Pictures should not appear in the copy; the records themselves must be written out exactly.

---- PROVIDED DATA

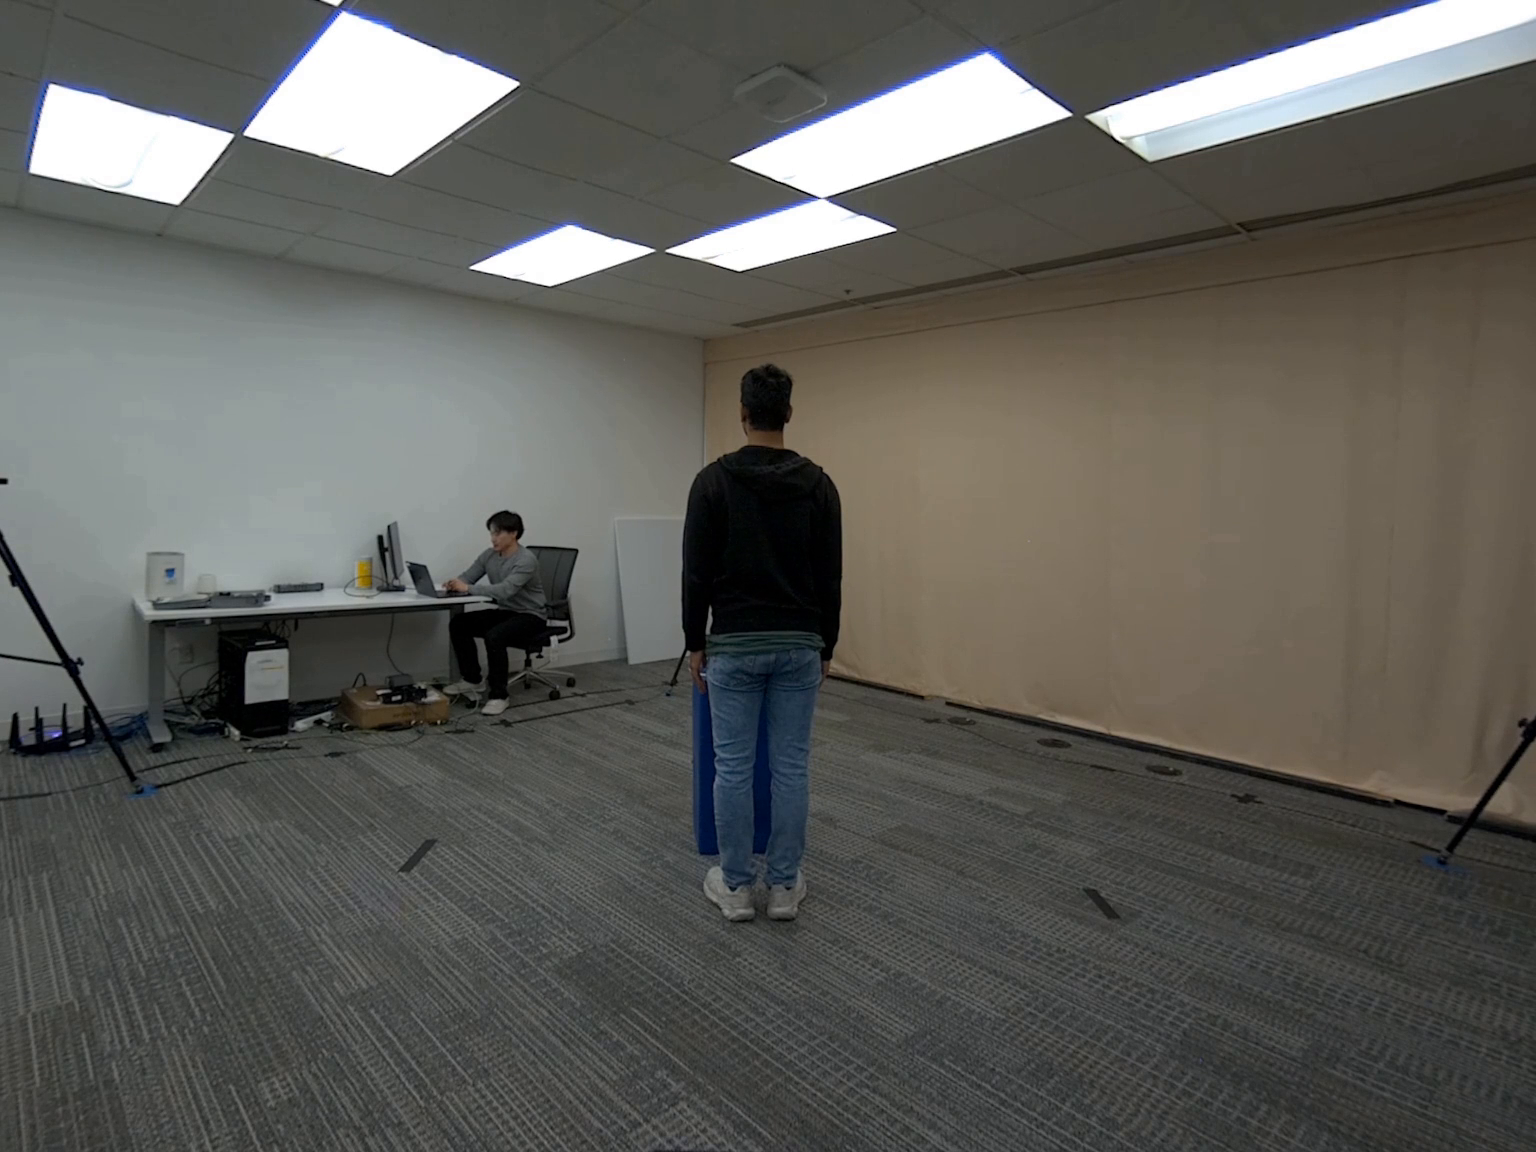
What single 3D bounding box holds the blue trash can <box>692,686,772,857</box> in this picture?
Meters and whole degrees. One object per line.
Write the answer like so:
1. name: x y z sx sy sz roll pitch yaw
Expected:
1. blue trash can: -0.140 0.723 3.436 0.375 0.712 0.377 2 3 -9
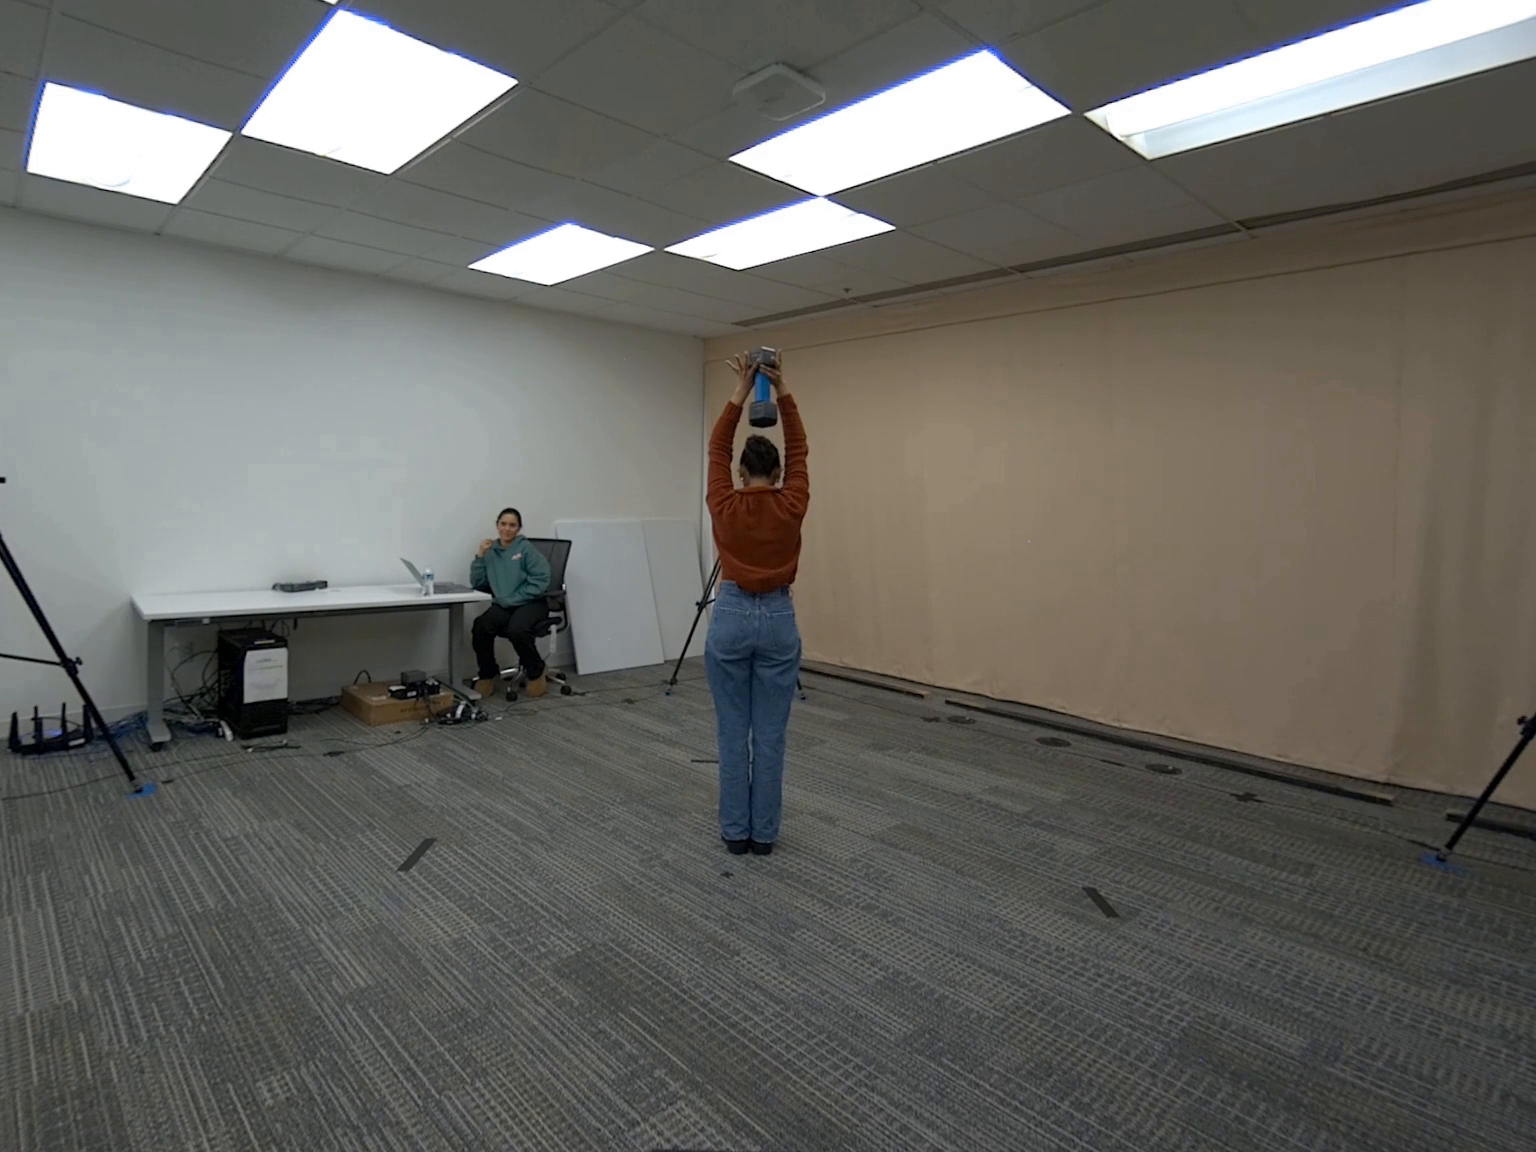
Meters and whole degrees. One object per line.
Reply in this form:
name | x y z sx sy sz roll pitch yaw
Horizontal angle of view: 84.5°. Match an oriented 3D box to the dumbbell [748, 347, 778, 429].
dumbbell | -0.029 -0.713 3.231 0.108 0.296 0.122 -1 -11 -5

--------

- **WRITTEN REPLY**
What single 3D bounding box holds the blue trash can <box>692,686,772,857</box> in this picture?
Meters and whole degrees. One object per line.
Write the answer like so:
1. name: x y z sx sy sz roll pitch yaw
Expected:
1. blue trash can: -0.140 0.723 3.436 0.375 0.712 0.377 2 3 -9
Meters and whole degrees. One object per line.
Reply in this form:
name | x y z sx sy sz roll pitch yaw
Horizontal angle of view: 84.5°. Match an oriented 3D box to the dumbbell [748, 347, 778, 429].
dumbbell | -0.029 -0.713 3.231 0.108 0.296 0.122 -1 -11 -5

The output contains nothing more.